Check out this File Handling Guide for more information.

2 Likes

@robingenz

Thank you for the response, that is indeed helpful. I wasn’t aware of the Capacitor.convertFileSrc method, which does make handling the different source types far easier.

@twestrick

Using the Capacitor HTTP plugin is going to be slower

I hadn’t appreciated that, I assumed using Web would be slower, as the Web would ultimately have to call native. I have changed my code to use XMLHttpRequest

I have fixed my issue and both of your answers pointed me in the correct direction.

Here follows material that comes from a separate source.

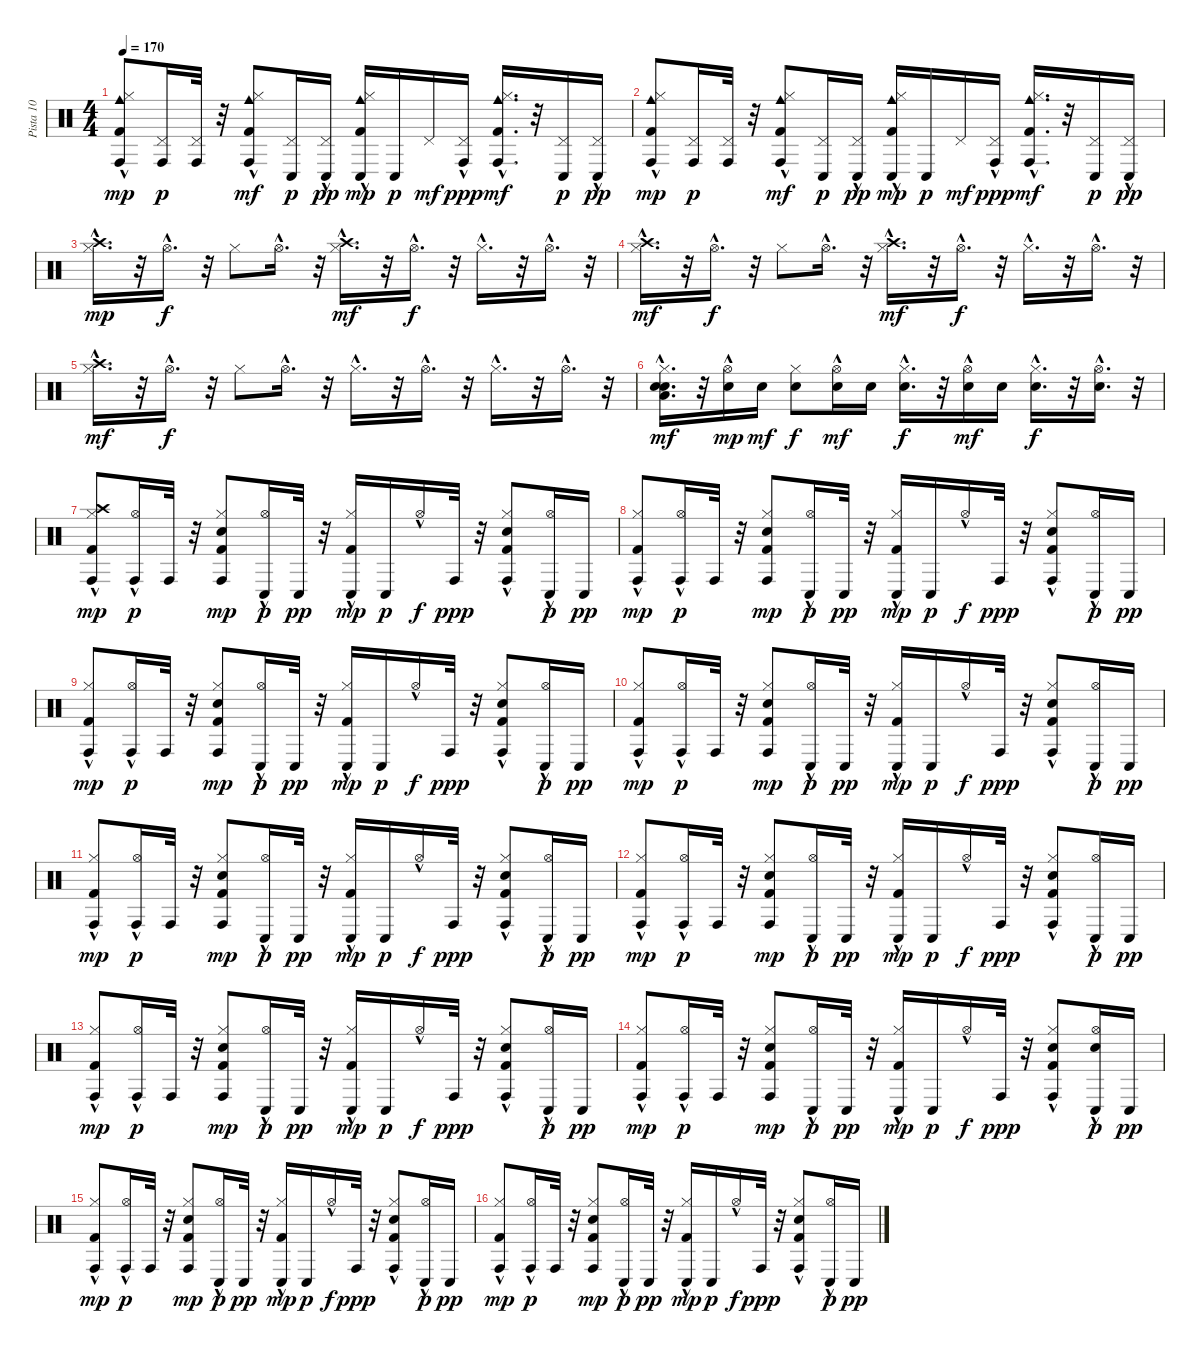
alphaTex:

Unfortunately when I stated in my earlier response that the “image.webPath” uploads correctly from the Android device, I was mistaken. Images didn’t load in either webPath or path on the device.

It seems the native version wasn’t uploading because the following doesn’t get set on the request header;

Content-Type", "multipart/form-data; boundary=----------------

However, on the upload from the web version, that does get set.

I chnaged my code to this:

  const xhr = new XMLHttpRequest();
  xhr.open('POST', s3URI, true);
  const formData = new FormData();

  formData.append('bucket', s3URI);
  formData.append('key', fileName);
  formData.append('acl', 'public-read');
  formData.append('Content-Type', 'image/jpeg');

  formData.append('AWSAccessKeyId', awsKey);
  formData.append('Policy', policyBase64);
  formData.append('Signature', signature);
  formData.append('file', blob, fileName);

  if (platform != 'web') {
    formData.append("enctype", "multipart/form-data");
    xhr.setRequestHeader("Content-Type", "multipart/form-data; boundary=---------------------------1442673354144381250634699865");
  }
  
  xhr.onload = function () {
    console.log(this.status)
    console.log(this.response)
  };
  xhr.send(formData);

And it uploads images either native or via web.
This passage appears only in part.